Reading the fund summaries does not give much clue as to why they are highly positively correlated (see the research done at IndexUniverse on ETF correlations). While the Vanguard FTSE AW ex-US ETF (VEU) does not contain stocks of companies in the US, perhaps companies located outside the US still depend on the US market. Perhaps, the special tax and investment-related features of its component securities are not sufficient to set apart the Vanguard REIT Index ETF (VNQ) as a distinct asset class from the rest.

Perhaps, it does not matter.

Correlation is a statistical measure that tells it like it is.
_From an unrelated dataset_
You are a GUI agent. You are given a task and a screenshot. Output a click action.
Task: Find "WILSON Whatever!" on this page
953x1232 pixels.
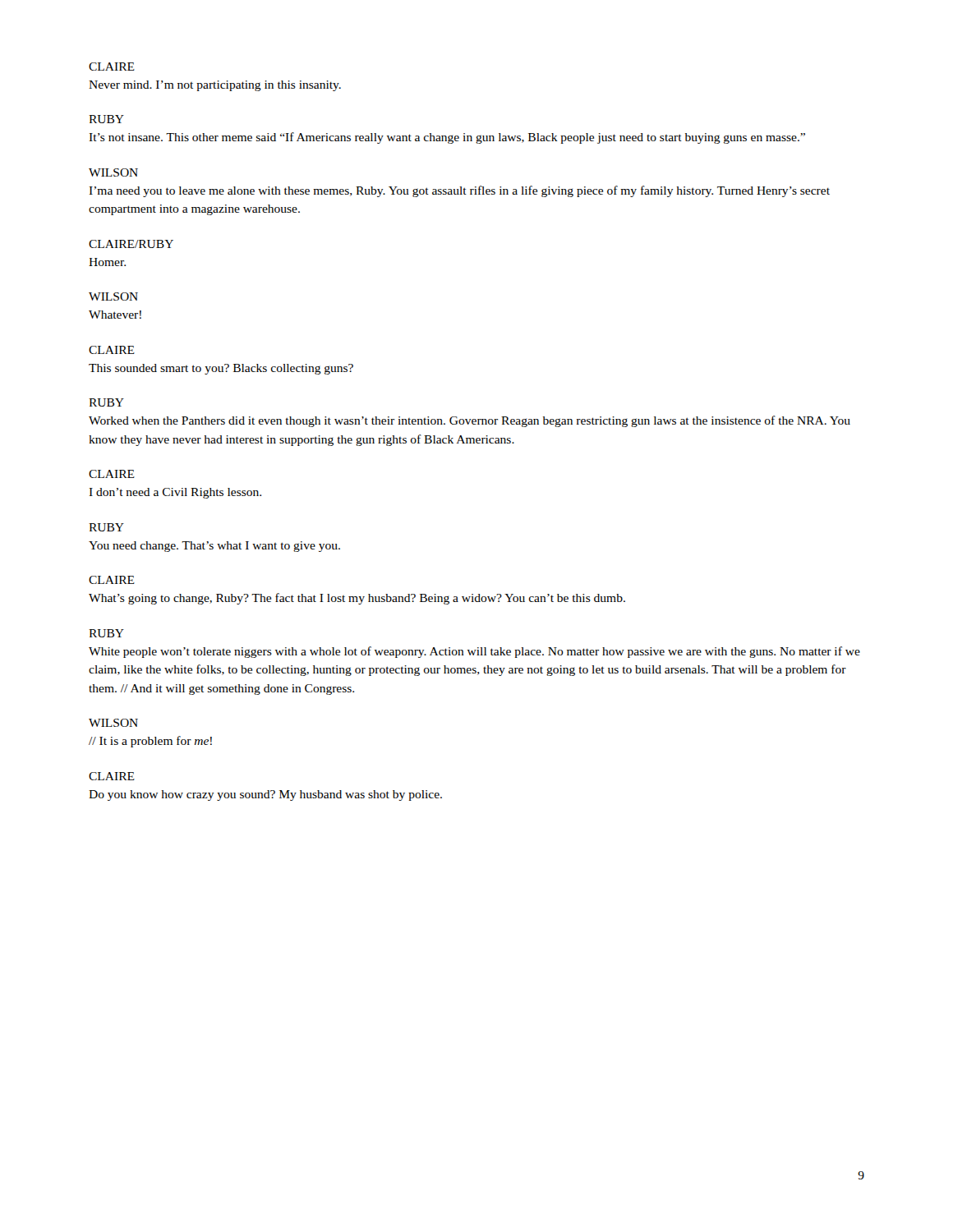[x=113, y=297]

It presents to you a fact --- which is the extent 2 data series move together. The reason why they move in-tandem or out-of-sync may not be immediately obvious.

Diversification will only be achieved if returns on the various securities are not highly positively correlated. Correlation is not a vague notion. It is a precise statistical measure. When you look at correlations, what you see is what you get.

Disclosure: I have no positions in any stocks mentioned, and no plans to initiate any positions within the next 72 hours.